Iron ores are rocks and minerals from which metallic iron can be economically extracted. The ores are usually rich in iron oxides and vary in color from dark grey, bright yellow, or deep purple to rusty red. The iron is usually found in the form of magnetite (Fe
₃O
₄, 72.4% Fe), hematite (Fe
₂O
₃, 69.9% Fe), goethite (FeO(OH), 62.9% Fe), limonite (FeO(OH)·n(H₂O), 55% Fe), or siderite (FeCO₃, 48.2% Fe).

Ores containing very high quantities of hematite or magnetite (typically greater than about 60% iron) are known as natural ore or [direct shipping ore], and can be fed directly into iron-making blast furnaces. Iron ore is the raw material used to make pig iron, which is one of the primary raw materials to make steel — 98% of the mined iron ore is used to make steel. In 2011 the Financial Times quoted Christopher LaFemina, mining analyst at Barclays Capital, saying that iron ore is "more integral to the global economy than any other commodity, except perhaps oil".

Elemental iron is virtually absent on the Earth's surface except as iron-nickel alloys from meteorites and sporadic forms of deep mantle xenoliths. Although iron is the fourth most abundant element in Earth's crust, composing about 5% by weight, the vast majority is bound in silicate or, more rarely, carbonate minerals, and smelting pure iron from these minerals would require a prohibitive amount of energy. Therefore, all sources of iron used by human industry exploit comparatively rarer iron oxide minerals, primarily hematite.

Prehistoric societies used laterite as a source of iron ore. Before the industrial revolution, most iron was obtained from widely available goethite or bog ore, for example, during the American Revolution and the Napoleonic Wars. Historically, much of the iron ore utilized by industrialized societies has been mined from predominantly hematite deposits with grades of around 70% Fe.

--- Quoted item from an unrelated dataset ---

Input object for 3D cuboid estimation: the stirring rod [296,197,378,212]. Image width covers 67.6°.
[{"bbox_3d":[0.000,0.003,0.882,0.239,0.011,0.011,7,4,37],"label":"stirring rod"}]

These deposits are commonly referred to as "direct shipping ores" or "natural ores". Increasing iron ore demand, coupled with the depletion of high-grade hematite ores in the United States, led after World War II to the development of lower-grade iron ore sources, principally the use of magnetite and taconite.

Iron ore mining methods vary by the type of ore being mined. There are four main types of iron ore deposits worked currently, depending on the mineralogy and geology of the ore deposits. These are magnetite, titanomagnetite, hematite, and pisolitic ironstone deposits.

The origin of iron can be ultimately traced to its formation through nuclear fusion in stars. Most of the iron is thought to have originated in dying stars that are large enough to explode as supernovae. The Earth's core is thought to consist mainly of iron, but this is inaccessible from the surface. Some iron meteorites are thought to have originated from asteroids 1,000 km (620 mi) in diameter or larger.

Banded iron formations (BIFs) are sedimentary rocks containing more than 15% iron composed predominantly of thinly-bedded iron minerals and silica (as quartz). Banded iron formations occur exclusively in Precambrian rocks, and are commonly weakly-to-intensely metamorphosed. Banded iron formations may contain iron in carbonates (siderite or ankerite) or silicates (minnesotaite, greenalite, or grunerite), but in those mined as iron ores, oxides (magnetite or hematite) are the principal iron mineral. Banded iron formations are known as taconite within North America.

The mining involves moving tremendous amounts of ore and waste. The waste comes in two forms: non-ore bedrock in the mine (overburden or interburden locally known as mullock), and unwanted minerals, which are an intrinsic part of the ore rock itself (gangue). The mullock is mined and piled in waste dumps, and the gangue is separated during the beneficiation process and is removed as tailings. Taconite tailings are mostly the mineral quartz, which is chemically inert. This material is stored in large, regulated water settling ponds.